Items from a data source

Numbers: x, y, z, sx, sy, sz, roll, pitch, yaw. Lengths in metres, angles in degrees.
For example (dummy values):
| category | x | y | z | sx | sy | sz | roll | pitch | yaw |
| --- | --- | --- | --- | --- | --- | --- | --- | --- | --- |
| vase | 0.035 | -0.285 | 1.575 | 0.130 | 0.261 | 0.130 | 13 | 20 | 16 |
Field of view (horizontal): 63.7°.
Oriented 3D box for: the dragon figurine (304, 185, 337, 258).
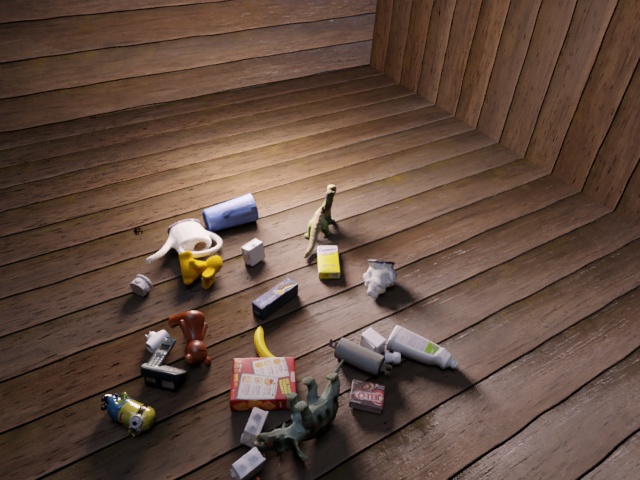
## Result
| category | x | y | z | sx | sy | sz | roll | pitch | yaw |
| --- | --- | --- | --- | --- | --- | --- | --- | --- | --- |
| dragon figurine | 0.007 | -0.118 | 2.352 | 0.122 | 0.237 | 0.420 | 14 | 38 | 5 |

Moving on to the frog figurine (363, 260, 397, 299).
| category | x | y | z | sx | sy | sz | roll | pitch | yaw |
| --- | --- | --- | --- | --- | --- | --- | --- | --- | --- |
| frog figurine | 0.247 | 0.170 | 2.143 | 0.137 | 0.121 | 0.161 | 11 | 74 | -4 |

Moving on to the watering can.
| category | x | y | z | sx | sy | sz | roll | pitch | yaw |
| --- | --- | --- | --- | --- | --- | --- | --- | --- | --- |
| watering can | -0.601 | 0.007 | 2.230 | 0.349 | 0.102 | 0.228 | -9 | 40 | -31 |
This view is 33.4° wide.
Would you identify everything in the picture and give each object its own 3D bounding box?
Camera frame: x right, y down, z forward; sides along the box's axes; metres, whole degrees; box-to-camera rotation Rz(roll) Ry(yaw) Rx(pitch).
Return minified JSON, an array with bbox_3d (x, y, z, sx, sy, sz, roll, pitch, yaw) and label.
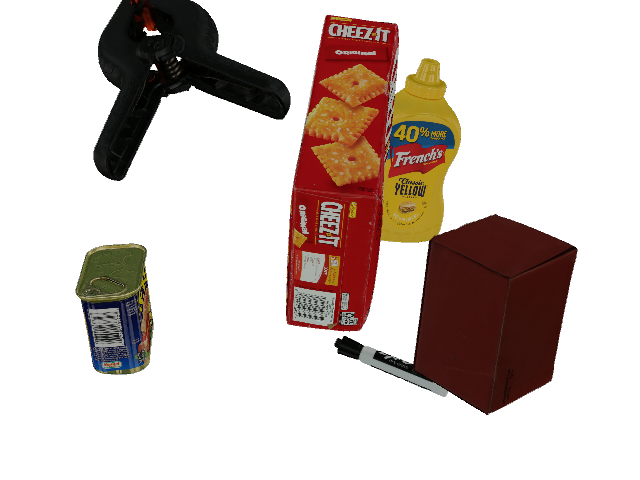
[{"bbox_3d":[-0.087,-0.110,0.673,0.120,0.171,0.039,-11,-42,-4],"label":"clamp"},{"bbox_3d":[0.084,0.035,0.522,0.052,0.078,0.051,-18,35,-38],"label":"foam brick"},{"bbox_3d":[0.093,-0.093,1.097,0.096,0.192,0.058,4,26,-13],"label":"mustard bottle"},{"bbox_3d":[-0.185,0.063,0.980,0.057,0.084,0.102,-4,26,-2],"label":"can of meat"},{"bbox_3d":[0.021,-0.057,0.888,0.072,0.213,0.164,7,-42,3],"label":"cracker box"},{"bbox_3d":[0.070,0.123,1.051,0.121,0.020,0.020,21,5,14],"label":"marker"}]
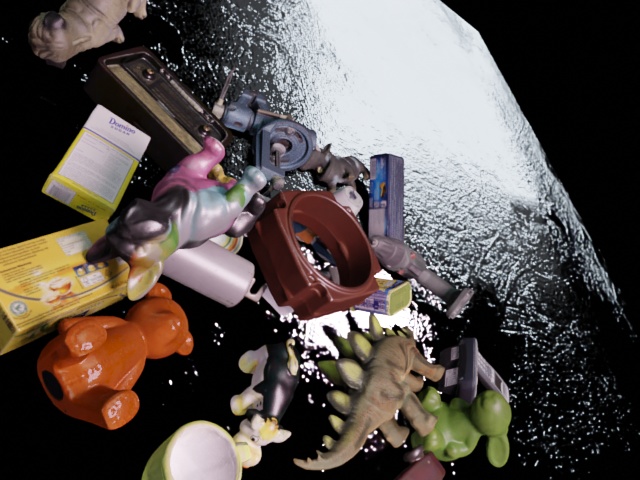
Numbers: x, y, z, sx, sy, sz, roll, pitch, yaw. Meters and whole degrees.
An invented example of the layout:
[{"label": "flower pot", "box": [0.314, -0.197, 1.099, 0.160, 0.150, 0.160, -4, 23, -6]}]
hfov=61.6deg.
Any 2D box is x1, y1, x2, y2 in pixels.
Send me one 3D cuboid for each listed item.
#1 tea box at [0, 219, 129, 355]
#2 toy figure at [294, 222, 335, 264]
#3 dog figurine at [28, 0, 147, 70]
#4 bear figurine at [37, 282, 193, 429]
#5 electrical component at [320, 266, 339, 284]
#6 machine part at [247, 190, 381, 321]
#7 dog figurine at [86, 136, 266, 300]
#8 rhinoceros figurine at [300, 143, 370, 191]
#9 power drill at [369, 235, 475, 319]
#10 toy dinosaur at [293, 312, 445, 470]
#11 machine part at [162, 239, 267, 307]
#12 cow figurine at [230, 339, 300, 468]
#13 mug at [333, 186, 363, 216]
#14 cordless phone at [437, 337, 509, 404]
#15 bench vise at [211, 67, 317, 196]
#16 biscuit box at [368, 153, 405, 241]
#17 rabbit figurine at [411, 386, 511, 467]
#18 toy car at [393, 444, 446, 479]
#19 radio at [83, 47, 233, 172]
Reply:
[{"label": "tea box", "box": [-0.310, 0.048, 0.631, 0.098, 0.068, 0.169, 56, 37, 6]}, {"label": "toy figure", "box": [-0.001, -0.004, 1.026, 0.154, 0.064, 0.058, 33, 72, -9]}, {"label": "dog figurine", "box": [-0.365, -0.368, 0.852, 0.121, 0.172, 0.191, 29, 33, -12]}, {"label": "bear figurine", "box": [-0.214, 0.122, 0.628, 0.196, 0.132, 0.120, -26, 97, -49]}, {"label": "electrical component", "box": [0.033, 0.083, 1.023, 0.094, 0.021, 0.063, 9, 54, -45]}, {"label": "machine part", "box": [-0.004, 0.019, 0.875, 0.201, 0.087, 0.201, -5, 66, -50]}, {"label": "dog figurine", "box": [-0.179, -0.018, 0.683, 0.108, 0.191, 0.219, 41, 69, 9]}, {"label": "rhinoceros figurine", "box": [0.033, -0.163, 1.193, 0.190, 0.073, 0.112, 0, 61, -49]}, {"label": "power drill", "box": [0.206, 0.074, 1.101, 0.207, 0.086, 0.232, 32, 3, 25]}, {"label": "toy dinosaur", "box": [0.092, 0.244, 0.887, 0.198, 0.105, 0.471, 43, 26, 0]}, {"label": "machine part", "box": [-0.184, 0.030, 0.781, 0.243, 0.079, 0.079, 33, 40, -27]}, {"label": "cow figurine", "box": [-0.068, 0.218, 0.730, 0.068, 0.098, 0.167, 39, 37, -29]}, {"label": "mug", "box": [0.038, -0.049, 1.071, 0.109, 0.107, 0.081, 54, 37, 6]}, {"label": "cordless phone", "box": [0.334, 0.308, 1.116, 0.184, 0.089, 0.147, 44, 35, -18]}, {"label": "bench vise", "box": [-0.104, -0.188, 1.028, 0.223, 0.129, 0.241, 25, 39, -29]}, {"label": "biscuit box", "box": [0.149, -0.089, 1.198, 0.063, 0.059, 0.202, 7, 83, -44]}, {"label": "rabbit figurine", "box": [0.266, 0.329, 0.941, 0.159, 0.170, 0.121, 42, 37, -13]}, {"label": "toy car", "box": [0.129, 0.396, 0.833, 0.202, 0.053, 0.089, -17, 63, -49]}, {"label": "radio", "box": [-0.263, -0.210, 0.903, 0.229, 0.073, 0.131, 46, 36, -9]}]
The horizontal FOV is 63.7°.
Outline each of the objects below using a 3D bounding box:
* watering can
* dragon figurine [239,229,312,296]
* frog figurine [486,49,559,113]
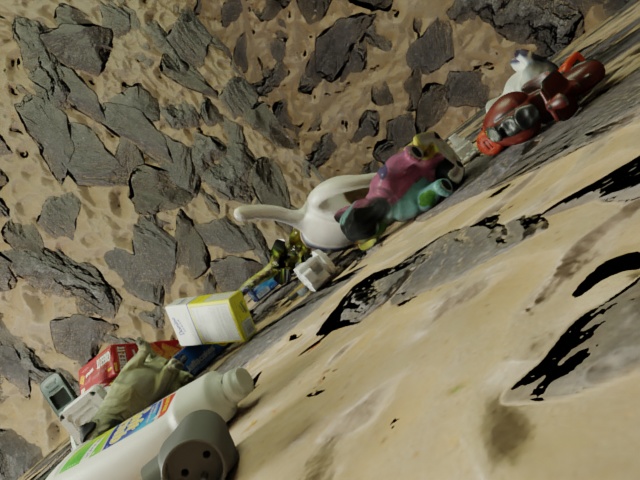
[{"bbox_3d":[0.003,-0.051,1.007,0.349,0.106,0.220,-13,-24,-15],"label":"watering can"},{"bbox_3d":[-0.102,0.047,1.619,0.409,0.122,0.244,-36,3,4],"label":"dragon figurine"},{"bbox_3d":[0.397,-0.276,1.011,0.138,0.122,0.158,-111,36,-80],"label":"frog figurine"}]
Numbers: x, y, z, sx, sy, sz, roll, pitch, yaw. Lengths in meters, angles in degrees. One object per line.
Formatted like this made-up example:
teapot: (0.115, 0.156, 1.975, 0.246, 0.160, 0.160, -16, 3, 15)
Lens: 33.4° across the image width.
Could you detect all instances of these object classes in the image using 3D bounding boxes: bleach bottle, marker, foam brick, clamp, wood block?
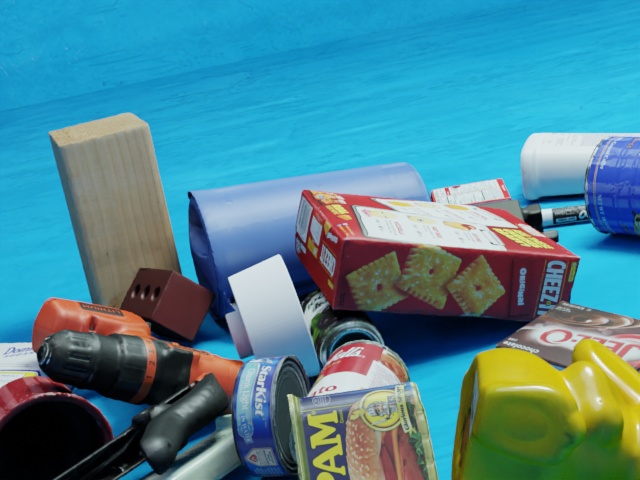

Instructions for the task ▸
Your answer must consist of the entries, unchanged, with no pictures in it.

Response to this task ▸
Numbers: x, y, z, sx, sy, sz, roll, pitch, yaw. Lengths in metres, angles in degrees.
For example (dummy values):
| category | x | y | z | sx | sy | sz | roll | pitch | yaw |
| --- | --- | --- | --- | --- | --- | --- | --- | --- | --- |
| vase | 0.035 | -0.285 | 1.575 | 0.130 | 0.261 | 0.130 | 13 | 20 | 16 |
Field of view (horizontal): 63.7°.
Oriented 3D box for: the dragon figurine (304, 185, 337, 258).
## Result
| category | x | y | z | sx | sy | sz | roll | pitch | yaw |
| --- | --- | --- | --- | --- | --- | --- | --- | --- | --- |
| dragon figurine | 0.007 | -0.118 | 2.352 | 0.122 | 0.237 | 0.420 | 14 | 38 | 5 |

Moving on to the frog figurine (363, 260, 397, 299).
| category | x | y | z | sx | sy | sz | roll | pitch | yaw |
| --- | --- | --- | --- | --- | --- | --- | --- | --- | --- |
| frog figurine | 0.247 | 0.170 | 2.143 | 0.137 | 0.121 | 0.161 | 11 | 74 | -4 |

Moving on to the watering can.
| category | x | y | z | sx | sy | sz | roll | pitch | yaw |
| --- | --- | --- | --- | --- | --- | --- | --- | --- | --- |
| watering can | -0.601 | 0.007 | 2.230 | 0.349 | 0.102 | 0.228 | -9 | 40 | -31 |
This view is 33.4° wide.
Would you identify everything in the picture and give each object its own 3D bounding box?
Camera frame: x right, y down, z forward; sides along the box's axes; metres, whole degrees; box-to-camera rotation Rz(roll) Ry(yaw) Rx(pitch).
Return minified JSON, an array with bbox_3d (x, y, z, sx, sy, sz, roll, pitch, yaw) and label.
[{"bbox_3d":[-0.087,-0.110,0.673,0.120,0.171,0.039,-11,-42,-4],"label":"clamp"},{"bbox_3d":[0.084,0.035,0.522,0.052,0.078,0.051,-18,35,-38],"label":"foam brick"},{"bbox_3d":[0.093,-0.093,1.097,0.096,0.192,0.058,4,26,-13],"label":"mustard bottle"},{"bbox_3d":[-0.185,0.063,0.980,0.057,0.084,0.102,-4,26,-2],"label":"can of meat"},{"bbox_3d":[0.021,-0.057,0.888,0.072,0.213,0.164,7,-42,3],"label":"cracker box"},{"bbox_3d":[0.070,0.123,1.051,0.121,0.020,0.020,21,5,14],"label":"marker"}]
Numbers: x, y, z, sx, sy, sz, roll, pitch, yaw. Meters and whole degrees.
An invented example of the layout:
[{"label": "flower pot", "box": [0.314, -0.197, 1.099, 0.160, 0.150, 0.160, -4, 23, -6]}]
hfov=61.6deg.
Any 2D box is x1, y1, x2, y2 in pixels.
Send me one 3D cuboid for each listed item.
#1 tea box at [0, 219, 129, 355]
#2 toy figure at [294, 222, 335, 264]
#3 dog figurine at [28, 0, 147, 70]
#4 bear figurine at [37, 282, 193, 429]
#5 electrical component at [320, 266, 339, 284]
#6 machine part at [247, 190, 381, 321]
#7 dog figurine at [86, 136, 266, 300]
#8 rhinoceros figurine at [300, 143, 370, 191]
#9 power drill at [369, 235, 475, 319]
#10 toy dinosaur at [293, 312, 445, 470]
#11 machine part at [162, 239, 267, 307]
#12 cow figurine at [230, 339, 300, 468]
#13 mug at [333, 186, 363, 216]
#14 cordless phone at [437, 337, 509, 404]
#15 bench vise at [211, 67, 317, 196]
#16 biscuit box at [368, 153, 405, 241]
#17 rabbit figurine at [411, 386, 511, 467]
#18 toy car at [393, 444, 446, 479]
#19 radio at [83, 47, 233, 172]
Reply:
[{"label": "tea box", "box": [-0.310, 0.048, 0.631, 0.098, 0.068, 0.169, 56, 37, 6]}, {"label": "toy figure", "box": [-0.001, -0.004, 1.026, 0.154, 0.064, 0.058, 33, 72, -9]}, {"label": "dog figurine", "box": [-0.365, -0.368, 0.852, 0.121, 0.172, 0.191, 29, 33, -12]}, {"label": "bear figurine", "box": [-0.214, 0.122, 0.628, 0.196, 0.132, 0.120, -26, 97, -49]}, {"label": "electrical component", "box": [0.033, 0.083, 1.023, 0.094, 0.021, 0.063, 9, 54, -45]}, {"label": "machine part", "box": [-0.004, 0.019, 0.875, 0.201, 0.087, 0.201, -5, 66, -50]}, {"label": "dog figurine", "box": [-0.179, -0.018, 0.683, 0.108, 0.191, 0.219, 41, 69, 9]}, {"label": "rhinoceros figurine", "box": [0.033, -0.163, 1.193, 0.190, 0.073, 0.112, 0, 61, -49]}, {"label": "power drill", "box": [0.206, 0.074, 1.101, 0.207, 0.086, 0.232, 32, 3, 25]}, {"label": "toy dinosaur", "box": [0.092, 0.244, 0.887, 0.198, 0.105, 0.471, 43, 26, 0]}, {"label": "machine part", "box": [-0.184, 0.030, 0.781, 0.243, 0.079, 0.079, 33, 40, -27]}, {"label": "cow figurine", "box": [-0.068, 0.218, 0.730, 0.068, 0.098, 0.167, 39, 37, -29]}, {"label": "mug", "box": [0.038, -0.049, 1.071, 0.109, 0.107, 0.081, 54, 37, 6]}, {"label": "cordless phone", "box": [0.334, 0.308, 1.116, 0.184, 0.089, 0.147, 44, 35, -18]}, {"label": "bench vise", "box": [-0.104, -0.188, 1.028, 0.223, 0.129, 0.241, 25, 39, -29]}, {"label": "biscuit box", "box": [0.149, -0.089, 1.198, 0.063, 0.059, 0.202, 7, 83, -44]}, {"label": "rabbit figurine", "box": [0.266, 0.329, 0.941, 0.159, 0.170, 0.121, 42, 37, -13]}, {"label": "toy car", "box": [0.129, 0.396, 0.833, 0.202, 0.053, 0.089, -17, 63, -49]}, {"label": "radio", "box": [-0.263, -0.210, 0.903, 0.229, 0.073, 0.131, 46, 36, -9]}]
The horizontal FOV is 63.7°.
Outline each of the objects below using a 3D bounding box:
* watering can
* dragon figurine [239,229,312,296]
* frog figurine [486,49,559,113]
[{"bbox_3d":[0.003,-0.051,1.007,0.349,0.106,0.220,-13,-24,-15],"label":"watering can"},{"bbox_3d":[-0.102,0.047,1.619,0.409,0.122,0.244,-36,3,4],"label":"dragon figurine"},{"bbox_3d":[0.397,-0.276,1.011,0.138,0.122,0.158,-111,36,-80],"label":"frog figurine"}]
Numbers: x, y, z, sx, sy, sz, roll, pitch, yaw. Lengths in meters, angles in degrees. One object per line.
Formatted like this made-up example:
teapot: (0.115, 0.156, 1.975, 0.246, 0.160, 0.160, -16, 3, 15)
Lens: 33.4° across the image width.
Could you detect all instances of these object classes in the image using 3D bounding boxes: bleach bottle, marker, foam brick, clamp, wood block?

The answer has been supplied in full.